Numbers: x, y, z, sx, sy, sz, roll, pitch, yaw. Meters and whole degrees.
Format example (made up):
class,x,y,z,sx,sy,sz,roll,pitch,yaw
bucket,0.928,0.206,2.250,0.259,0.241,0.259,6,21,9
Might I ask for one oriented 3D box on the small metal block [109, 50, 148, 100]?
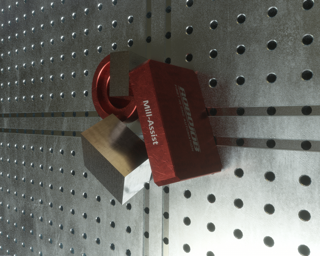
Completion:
class,x,y,z,sx,sy,sz,roll,pitch,yaw
small metal block,-0.034,-0.060,0.366,0.025,0.050,0.050,0,89,26

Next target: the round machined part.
class,x,y,z,sx,sy,sz,roll,pitch,yaw
round machined part,-0.048,-0.055,0.436,0.098,0.042,0.097,0,90,39

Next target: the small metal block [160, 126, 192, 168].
class,x,y,z,sx,sy,sz,roll,pitch,yaw
small metal block,0.015,0.025,0.389,0.050,0.025,0.050,19,107,49

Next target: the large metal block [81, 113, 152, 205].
class,x,y,z,sx,sy,sz,roll,pitch,yaw
large metal block,-0.056,0.042,0.408,0.080,0.050,0.080,41,147,20

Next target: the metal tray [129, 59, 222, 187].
class,x,y,z,sx,sy,sz,roll,pitch,yaw
metal tray,0.019,-0.006,0.349,0.030,0.091,0.129,-23,76,38
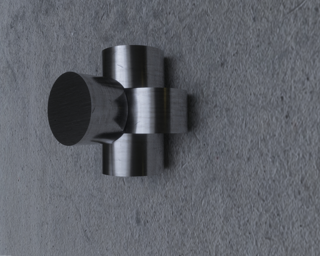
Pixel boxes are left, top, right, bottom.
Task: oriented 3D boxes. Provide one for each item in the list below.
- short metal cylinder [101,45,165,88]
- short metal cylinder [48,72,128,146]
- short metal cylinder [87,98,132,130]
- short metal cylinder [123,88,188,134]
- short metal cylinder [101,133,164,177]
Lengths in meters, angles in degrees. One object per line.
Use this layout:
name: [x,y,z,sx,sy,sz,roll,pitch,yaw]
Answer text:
short metal cylinder: [-0.034,-0.071,0.397,0.080,0.081,0.050,-2,89,39]
short metal cylinder: [-0.083,-0.021,0.351,0.080,0.050,0.079,0,90,39]
short metal cylinder: [-0.069,-0.019,0.425,0.080,0.081,0.050,-1,89,39]
short metal cylinder: [-0.007,-0.019,0.374,0.080,0.081,0.050,0,90,39]
short metal cylinder: [-0.035,0.031,0.397,0.080,0.081,0.050,0,90,39]

------------------------

Repeat exactly the lines of the material from the one with "Pixel boxes are left, top, right, bottom." through the end, both the first and the last included.

→ **Answer space**:
Pixel boxes are left, top, right, bottom.
Task: oriented 3D boxes. Provide one for each item in the list below.
- short metal cylinder [101,45,165,88]
- short metal cylinder [48,72,128,146]
- short metal cylinder [87,98,132,130]
- short metal cylinder [123,88,188,134]
- short metal cylinder [101,133,164,177]
Lengths in meters, angles in degrees. One object per line.
Use this layout:
name: [x,y,z,sx,sy,sz,roll,pitch,yaw]
Answer text:
short metal cylinder: [-0.034,-0.071,0.397,0.080,0.081,0.050,-2,89,39]
short metal cylinder: [-0.083,-0.021,0.351,0.080,0.050,0.079,0,90,39]
short metal cylinder: [-0.069,-0.019,0.425,0.080,0.081,0.050,-1,89,39]
short metal cylinder: [-0.007,-0.019,0.374,0.080,0.081,0.050,0,90,39]
short metal cylinder: [-0.035,0.031,0.397,0.080,0.081,0.050,0,90,39]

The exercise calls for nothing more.